Dr Heimlich and how his simple manoeuvre can save your life

Michael Healy-Rae and Ronald Reagan are among those saved. Learn the technique and you’ll join Clint Eastwood and Olly Murs

 

Michael Healy-Rae’s recent brush with death shows how a simple, easily learned medical intervention can save a life.

The Kerry TD joins Ronald Reagan, Goldie Hawn and Elizabeth Taylor in having had his life saved from choking by the Heimlich manoeuvre. Since it was introduced, in 1974, the arm thrust developed by Dr Henry Heimlich is credited with saving thousands of lives, the famous and not so famous. Last year even Dr Heimlich himself got to use it to remove the obstruction that was causing a fellow nursing-home resident to choke. Dr Heimlich, who died several months later, was 96 at the time.

Eileen Finnegan, an HSE staffer, has said Mr Healy-Rae was minutes from death as he choked on his chicken dinner at home in Kilgarvan. A neighbour of the Independent TD, she ran to the rescue and cleared his airway by administering the manoeuvre.

There are no official figures on the number of choking deaths in Ireland, but ambulance data and reports from coroners’ courts appear to show they are a regular occurrence.

National Ambulance Service paramedics were called out to choking incidents an average of 17 times a week, according to figures for 2010-14. Victims ranged widely in age, from babies and young children choking on small pieces of food to restaurant diners and the elderly residents of nursing homes.

Dr Henry Heimlich demonstrates his manoeuvre

Dr Ciarán MacLoughlin, the coroner for west Galway, who has presided over numerous inquests into choking deaths, has urged that anyone serving food to a member of the public should be trained in the Heimlich manoeuvre. On a single day in 2008 Mr MacLoughlin heard three inquests of people who had died by choking, two of them on the same day.

Yet while defibrillators are in place across the country to provide emergency treatment for heart-attack victims, it is doubtful as much attention has been paid to the treatment of choking incidents.

Which is a pity, because the Heimlich manoeuvre is easy to learn. Clint Eastwood, Olly Murs and many ordinary people have saved lives through their ability to administer it in emergencies.

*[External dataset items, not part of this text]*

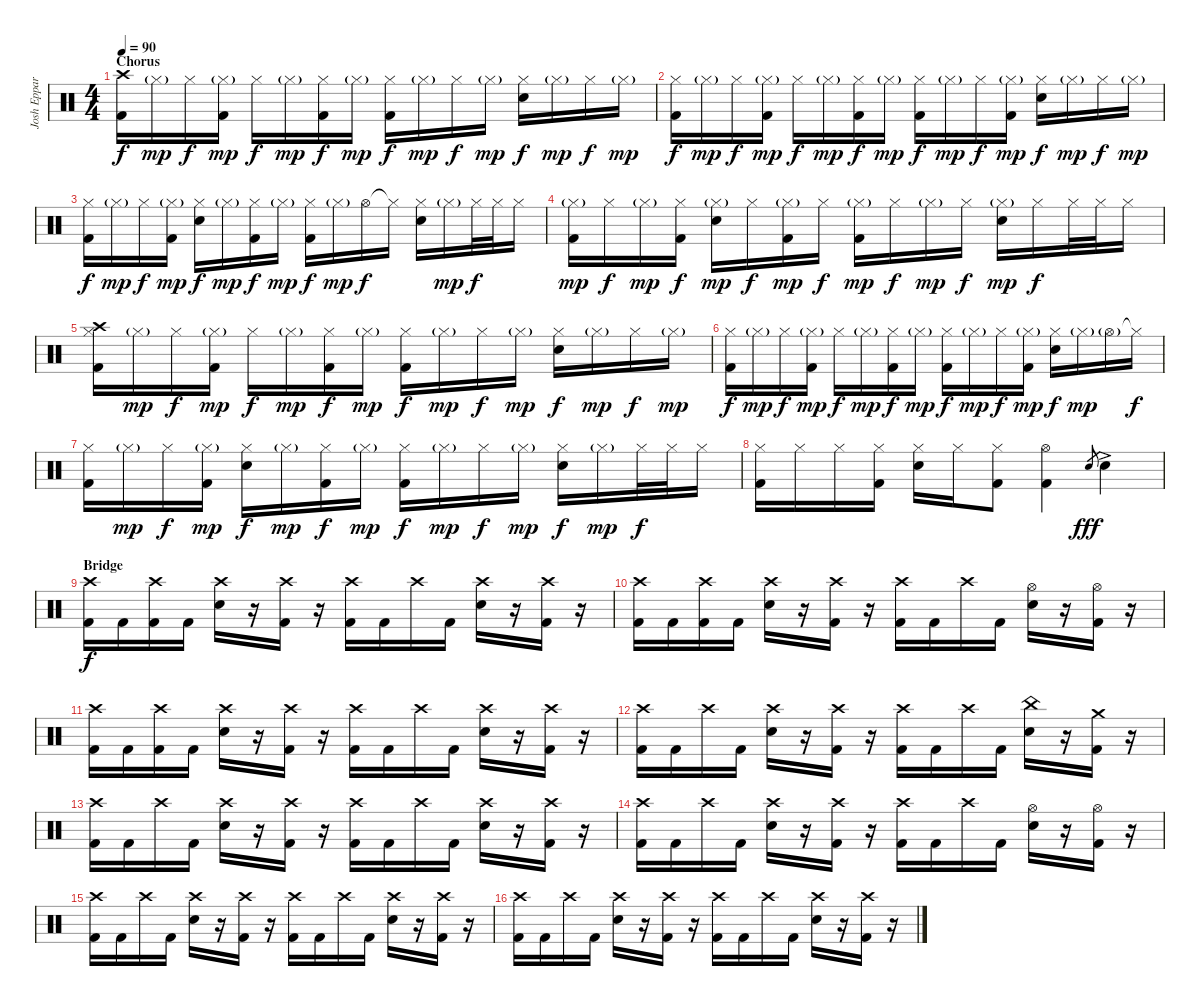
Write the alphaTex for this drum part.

\track ("Josh Eppard" "Josh Eppar") {instrument percussion}
\staff {score}
\articulation defaults
\ts (4 4)
\section ("" "Chorus")
\tempo 90
\clef neutral
\ks c
("Crash high (hit)" "Kick (hit) 2").16{dy f} "Hi-Hat (closed)"{g}.16{dy mp} "Hi-Hat (closed)".16{dy f} ("Hi-Hat (closed)"{g} "Kick (hit) 2").16{dy mp} "Hi-Hat (closed)".16{dy f} "Hi-Hat (closed)"{g}.16{dy mp} ("Hi-Hat (closed)" "Kick (hit) 2").16{dy f} "Hi-Hat (closed)"{g}.16{dy mp} ("Hi-Hat (closed)" "Kick (hit) 2").16{dy f} "Hi-Hat (closed)"{g}.16{dy mp} "Hi-Hat (closed)".16{dy f} "Hi-Hat (closed)"{g}.16{dy mp} ("Hi-Hat (closed)" "Electric Snare (hit)").16{dy f} "Hi-Hat (closed)"{g}.16{dy mp} "Hi-Hat (closed)".16{dy f} "Hi-Hat (closed)"{g}.16{dy mp} |
("Hi-Hat (closed)" "Kick (hit) 2").16{dy f} "Hi-Hat (closed)"{g}.16{dy mp} "Hi-Hat (closed)".16{dy f} ("Hi-Hat (closed)"{g} "Kick (hit) 2").16{dy mp} "Hi-Hat (closed)".16{dy f} "Hi-Hat (closed)"{g}.16{dy mp} ("Hi-Hat (closed)" "Kick (hit) 2").16{dy f} "Hi-Hat (closed)"{g}.16{dy mp} ("Hi-Hat (closed)" "Kick (hit) 2").16{dy f} "Hi-Hat (closed)"{g}.16{dy mp} "Hi-Hat (closed)".16{dy f} ("Hi-Hat (closed)"{g} "Kick (hit) 2").16{dy mp} ("Hi-Hat (closed)" "Electric Snare (hit)").16{dy f} "Hi-Hat (closed)"{g}.16{dy mp} "Hi-Hat (closed)".16{dy f} "Hi-Hat (closed)"{g}.16{dy mp} |
("Hi-Hat (closed)" "Kick (hit) 2").16{dy f} "Hi-Hat (closed)"{g}.16{dy mp} "Hi-Hat (closed)".16{dy f} ("Hi-Hat (closed)"{g} "Kick (hit) 2").16{dy mp} ("Hi-Hat (closed)" "Electric Snare (hit)").16{dy f} "Hi-Hat (closed)"{g}.16{dy mp} ("Hi-Hat (closed)" "Kick (hit) 2").16{dy f} "Hi-Hat (closed)"{g}.16{dy mp} ("Hi-Hat (closed)" "Kick (hit) 2").16{dy f} "Hi-Hat (closed)"{g}.16{dy mp} "Hi-Hat (open)".16{dy f} "Hi-Hat (closed)"{t}.16 ("Hi-Hat (closed)" "Electric Snare (hit)").16 "Hi-Hat (closed)"{g}.16{dy mp} "Hi-Hat (closed)".32{dy f} "Hi-Hat (closed)".32 "Hi-Hat (closed)".16 |
("Hi-Hat (closed)"{g} "Kick (hit) 2").16{dy mp} "Hi-Hat (closed)".16{dy f} "Hi-Hat (closed)"{g}.16{dy mp} ("Hi-Hat (closed)" "Kick (hit) 2").16{dy f} ("Hi-Hat (closed)"{g} "Electric Snare (hit)").16{dy mp} "Hi-Hat (closed)".16{dy f} ("Hi-Hat (closed)"{g} "Kick (hit) 2").16{dy mp} "Hi-Hat (closed)".16{dy f} ("Hi-Hat (closed)"{g} "Kick (hit) 2").16{dy mp} "Hi-Hat (closed)".16{dy f} "Hi-Hat (closed)"{g}.16{dy mp} "Hi-Hat (closed)".16{dy f} ("Hi-Hat (closed)"{g} "Electric Snare (hit)").16{dy mp} "Hi-Hat (closed)".16{dy f} "Hi-Hat (closed)".32 "Hi-Hat (closed)".32 "Hi-Hat (closed)".16 |
("Crash high (hit)" "Hi-Hat (closed)" "Kick (hit) 2").16 "Hi-Hat (closed)"{g}.16{dy mp} "Hi-Hat (closed)".16{dy f} ("Hi-Hat (closed)"{g} "Kick (hit) 2").16{dy mp} "Hi-Hat (closed)".16{dy f} "Hi-Hat (closed)"{g}.16{dy mp} ("Hi-Hat (closed)" "Kick (hit) 2").16{dy f} "Hi-Hat (closed)"{g}.16{dy mp} ("Hi-Hat (closed)" "Kick (hit) 2").16{dy f} "Hi-Hat (closed)"{g}.16{dy mp} "Hi-Hat (closed)".16{dy f} "Hi-Hat (closed)"{g}.16{dy mp} ("Hi-Hat (closed)" "Electric Snare (hit)").16{dy f} "Hi-Hat (closed)"{g}.16{dy mp} "Hi-Hat (closed)".16{dy f} "Hi-Hat (closed)"{g}.16{dy mp} |
("Hi-Hat (closed)" "Kick (hit) 2").16{dy f} "Hi-Hat (closed)"{g}.16{dy mp} "Hi-Hat (closed)".16{dy f} ("Hi-Hat (closed)"{g} "Kick (hit) 2").16{dy mp} "Hi-Hat (closed)".16{dy f} "Hi-Hat (closed)"{g}.16{dy mp} ("Hi-Hat (closed)" "Kick (hit) 2").16{dy f} "Hi-Hat (closed)"{g}.16{dy mp} ("Hi-Hat (closed)" "Kick (hit) 2").16{dy f} "Hi-Hat (closed)"{g}.16{dy mp} "Hi-Hat (closed)".16{dy f} ("Hi-Hat (closed)"{g} "Kick (hit) 2").16{dy mp} ("Hi-Hat (closed)" "Electric Snare (hit)").16{dy f} "Hi-Hat (closed)"{g}.16{dy mp} "Hi-Hat (open)"{g}.16 "Hi-Hat (closed)"{t}.16{dy f} |
("Hi-Hat (closed)" "Kick (hit) 2").16 "Hi-Hat (closed)"{g}.16{dy mp} "Hi-Hat (closed)".16{dy f} ("Hi-Hat (closed)"{g} "Kick (hit) 2").16{dy mp} ("Hi-Hat (closed)" "Electric Snare (hit)").16{dy f} "Hi-Hat (closed)"{g}.16{dy mp} ("Hi-Hat (closed)" "Kick (hit) 2").16{dy f} "Hi-Hat (closed)"{g}.16{dy mp} ("Hi-Hat (closed)" "Kick (hit) 2").16{dy f} "Hi-Hat (closed)"{g}.16{dy mp} "Hi-Hat (closed)".16{dy f} "Hi-Hat (closed)"{g}.16{dy mp} ("Hi-Hat (closed)" "Electric Snare (hit)").16{dy f} "Hi-Hat (closed)"{g}.16{dy mp} "Hi-Hat (closed)".32{dy f} "Hi-Hat (closed)".32 "Hi-Hat (closed)".16 |
("Hi-Hat (closed)" "Kick (hit) 2").16 "Hi-Hat (closed)".16 "Hi-Hat (closed)".16 ("Hi-Hat (closed)" "Kick (hit) 2").16 ("Hi-Hat (closed)" "Electric Snare (hit)").16 "Hi-Hat (closed)".16 ("Hi-Hat (closed)" "Kick (hit) 2").8 ("Hi-Hat (open)" "Kick (hit) 2").4 "Electric Snare (hit)".8{gr dy fff} "Electric Snare (hit)"{ac}.4 |
\section ("" "Bridge")
("Crash high (hit)" "Kick (hit) 2").16{dy f} "Kick (hit) 2".16 ("Crash high (hit)" "Kick (hit) 2").16 "Kick (hit) 2".16 ("Crash high (hit)" "Electric Snare (hit)").16 r.16 ("Crash high (hit)" "Kick (hit) 2").16 r.16 ("Crash high (hit)" "Kick (hit) 2").16 "Kick (hit) 2".16 "Crash high (hit)".16 "Kick (hit) 2".16 ("Crash high (hit)" "Electric Snare (hit)").16 r.16 ("Crash high (hit)" "Kick (hit) 2").16 r.16 |
("Crash high (hit)" "Kick (hit) 2").16 "Kick (hit) 2".16 ("Crash high (hit)" "Kick (hit) 2").16 "Kick (hit) 2".16 ("Crash high (hit)" "Electric Snare (hit)").16 r.16 ("Crash high (hit)" "Kick (hit) 2").16 r.16 ("Crash high (hit)" "Kick (hit) 2").16 "Kick (hit) 2".16 "Crash high (hit)".16 "Kick (hit) 2".16 ("Hi-Hat (open)" "Electric Snare (hit)").16 r.16 ("Hi-Hat (open)" "Kick (hit) 2").16 r.16 |
("Crash high (hit)" "Kick (hit) 2").16 "Kick (hit) 2".16 ("Crash high (hit)" "Kick (hit) 2").16 "Kick (hit) 2".16 ("Crash high (hit)" "Electric Snare (hit)").16 r.16 ("Crash high (hit)" "Kick (hit) 2").16 r.16 ("Crash high (hit)" "Kick (hit) 2").16 "Kick (hit) 2".16 "Crash high (hit)".16 "Kick (hit) 2".16 ("Crash high (hit)" "Electric Snare (hit)").16 r.16 ("Crash high (hit)" "Kick (hit) 2").16 r.16 |
("Crash high (hit)" "Kick (hit) 2").16 "Kick (hit) 2".16 "Crash high (hit)".16 "Kick (hit) 2".16 ("Crash high (hit)" "Electric Snare (hit)").16 r.16 ("Crash high (hit)" "Kick (hit) 2").16 r.16 ("Crash high (hit)" "Kick (hit) 2").16 "Kick (hit) 2".16 "Crash high (hit)".16 "Kick (hit) 2".16 ("China (hit)" "Electric Snare (hit)").16 r.16 ("Crash medium (hit)" "Kick (hit) 2").16 r.16 |
("Crash high (hit)" "Kick (hit) 2").16 "Kick (hit) 2".16 "Crash high (hit)".16 "Kick (hit) 2".16 ("Crash high (hit)" "Electric Snare (hit)").16 r.16 ("Crash high (hit)" "Kick (hit) 2").16 r.16 ("Crash high (hit)" "Kick (hit) 2").16 "Kick (hit) 2".16 "Crash high (hit)".16 "Kick (hit) 2".16 ("Crash high (hit)" "Electric Snare (hit)").16 r.16 ("Crash high (hit)" "Kick (hit) 2").16 r.16 |
("Crash high (hit)" "Kick (hit) 2").16 "Kick (hit) 2".16 "Crash high (hit)".16 "Kick (hit) 2".16 ("Crash high (hit)" "Electric Snare (hit)").16 r.16 ("Crash high (hit)" "Kick (hit) 2").16 r.16 ("Crash high (hit)" "Kick (hit) 2").16 "Kick (hit) 2".16 "Crash high (hit)".16 "Kick (hit) 2".16 ("Hi-Hat (open)" "Electric Snare (hit)").16 r.16 ("Hi-Hat (open)" "Kick (hit) 2").16 r.16 |
("Crash high (hit)" "Kick (hit) 2").16 "Kick (hit) 2".16 "Crash high (hit)".16 "Kick (hit) 2".16 ("Crash high (hit)" "Electric Snare (hit)").16 r.16 ("Crash high (hit)" "Kick (hit) 2").16 r.16 ("Crash high (hit)" "Kick (hit) 2").16 "Kick (hit) 2".16 "Crash high (hit)".16 "Kick (hit) 2".16 ("Crash high (hit)" "Electric Snare (hit)").16 r.16 ("Crash high (hit)" "Kick (hit) 2").16 r.16 |
("Crash high (hit)" "Kick (hit) 2").16 "Kick (hit) 2".16 "Crash high (hit)".16 "Kick (hit) 2".16 ("Crash high (hit)" "Electric Snare (hit)").16 r.16 ("Crash high (hit)" "Kick (hit) 2").16 r.16 ("Crash high (hit)" "Kick (hit) 2").16 "Kick (hit) 2".16 "Crash high (hit)".16 "Kick (hit) 2".16 ("Crash high (hit)" "Electric Snare (hit)").16 r.16 ("Crash high (hit)" "Kick (hit) 2").16 r.16

How to do the Heimlich manoeuvre

Danny Curran, head of first-aid training at the Irish Red Cross, says abdominal thrusts are highly effective and easy to learn. He has used the technique three times to save a life, including that of one of his own children.

If somebody is choking, he says, you should first assess the situation. If the person can cough you should repeatedly slap their back. An inability to cough indicates that their airway is totally obstructed, and abdominal thrusts are needed.

To do this, stand behind the person, wrap your arms around the waist and then tip the person forward slightly. Make a fist with one hand and position it slightly above the person’s navel. Grasp the fist with your other hand. Press hard into the abdomen with a quick upward thrust, as if trying to lift the person up. Perform a total of five abdominal thrusts, if needed.

You can also perform the manoeuvre on yourself by bending over a hard surface, such as a chair, before shoving your fist inward and upward into your abdomen. The routine with a pregnant woman or an obese person is the same, except that you position your hands a little higher, at the base of the breastbone.

Children – except babies aged under one – can also be treated with the Heimlich manoeuvre. If an infant is choking, sit down and hold the infant face down on your forearm, which rests on your thigh. Thump the infant gently but firmly five times on the middle of the back, using the heel of your hand.